Illustration 3.8:     Proposed sequence of steps which may occur at the bare superconductor electrode surface during the coating with an electrochemically deposited layer of polypyrrole. a) First, neutral monomer diffuses to the electrode surface. b) Then, oxidative treatment of the electrode serves to oxidize monomer molecules that are close to the electrode surface. c) Once oxidized, the reactive monomers can couple to other pyrrole units, with simultaneous proton loss, to produce soluble oligomer compounds. d) The oligomer grows until the solubility limit is exceeded at which time the oligomer precipitates onto the superconductor surface. f) Further growth of the polymer can occur at these nucleation sites.  (Adapted from reference⁶⁶)

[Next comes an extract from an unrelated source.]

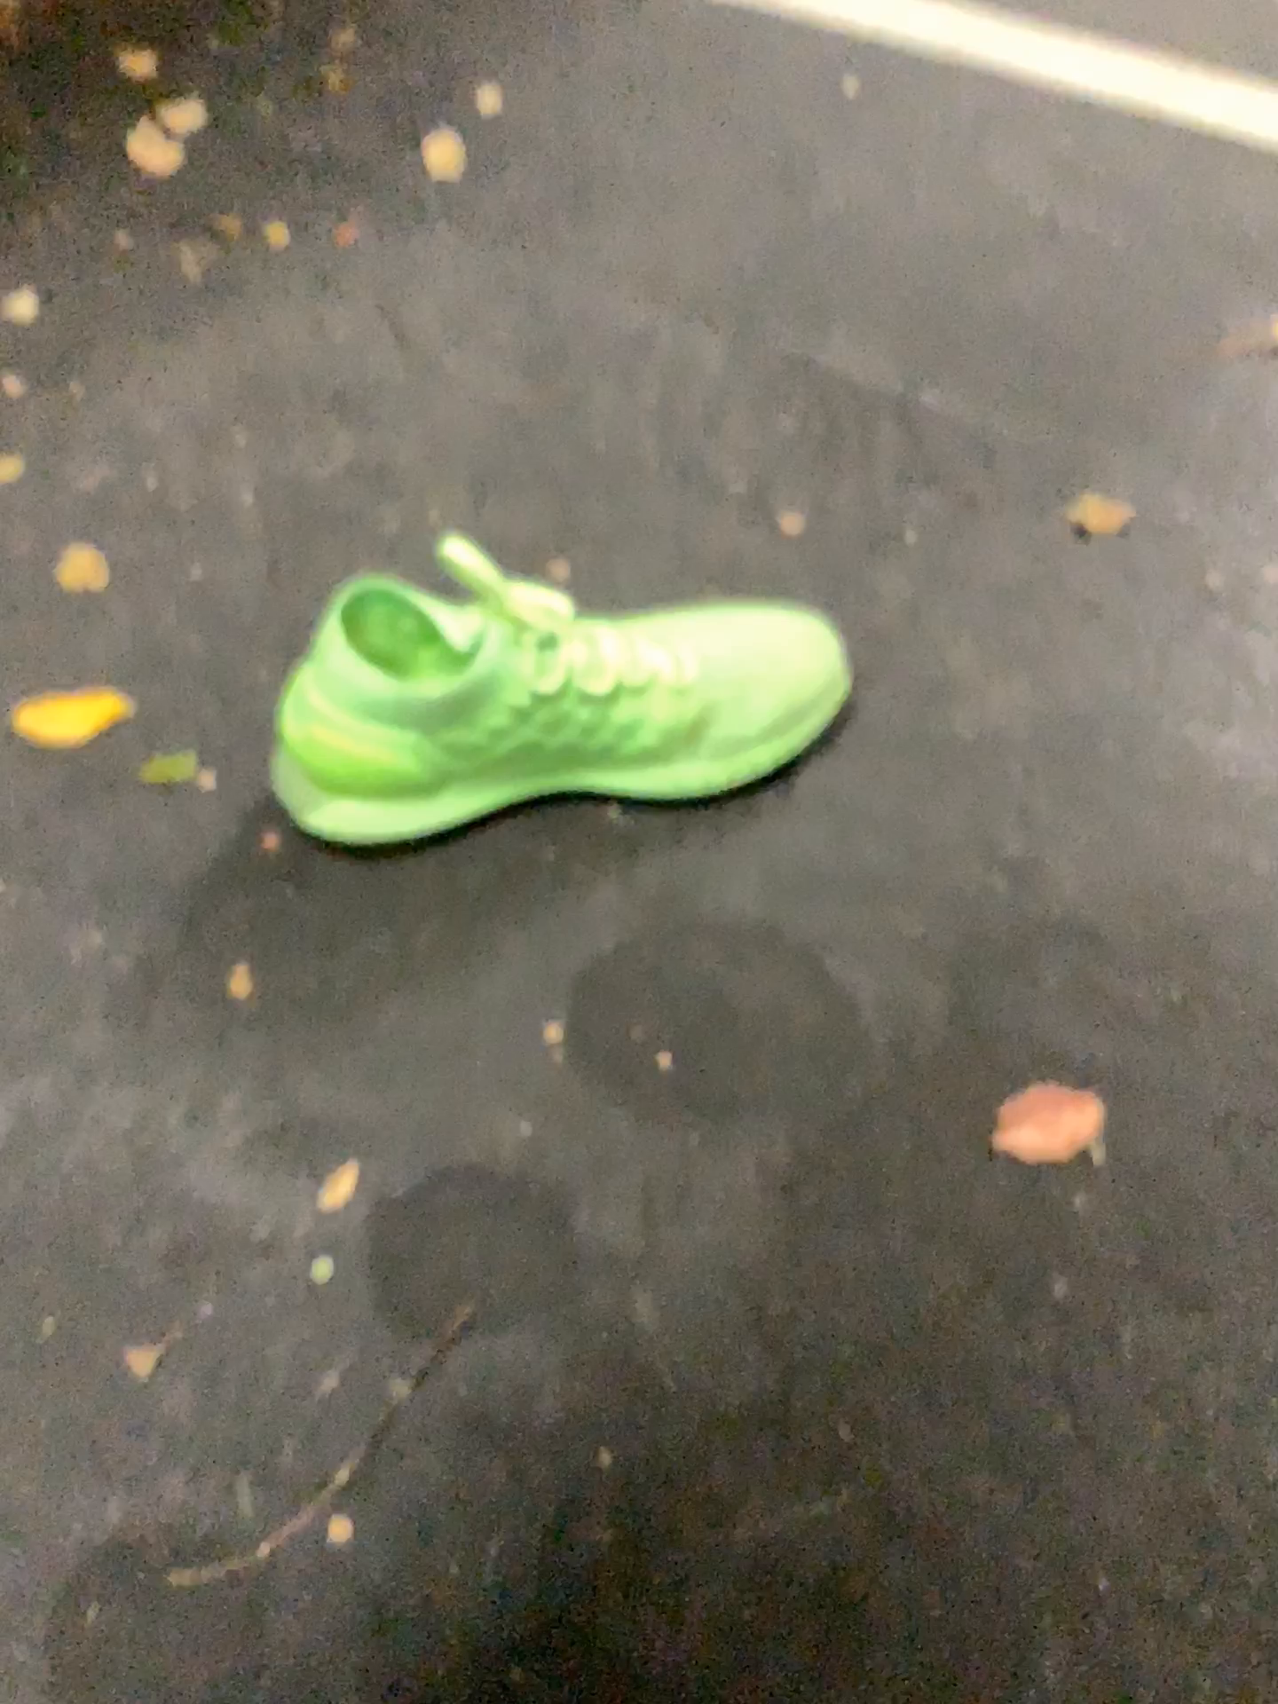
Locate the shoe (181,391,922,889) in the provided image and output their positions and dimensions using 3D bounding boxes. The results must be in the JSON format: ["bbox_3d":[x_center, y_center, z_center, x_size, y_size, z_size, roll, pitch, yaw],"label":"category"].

Polypyrrole deposition onto bare electrodes proceeds through an electrode deposition method where the growing polymer structures couple to the metal surface only after the solubility of the oligomeric compounds is exceeded, as seen in Illustration 3.8.  Under these circumstances, polymer solubility characteristics and precipitation dynamics play an important role in dictating the morphology of the polypyrrole surface.  The large globular features noted in Illustration 3.7 and their similarity to layers grown on noble metal electrodes suggest this type of coupling is occurring at the surface.  The morphology noted for the SAM coated ceramic samples suggests that more rapid and uniform nucleation occurs for these superconductor electrodes. The direct coupling of the polymer chains to the electrode surface is also consistent with an increase in polymer to superconductor adhesion, as described in the adhesion tests.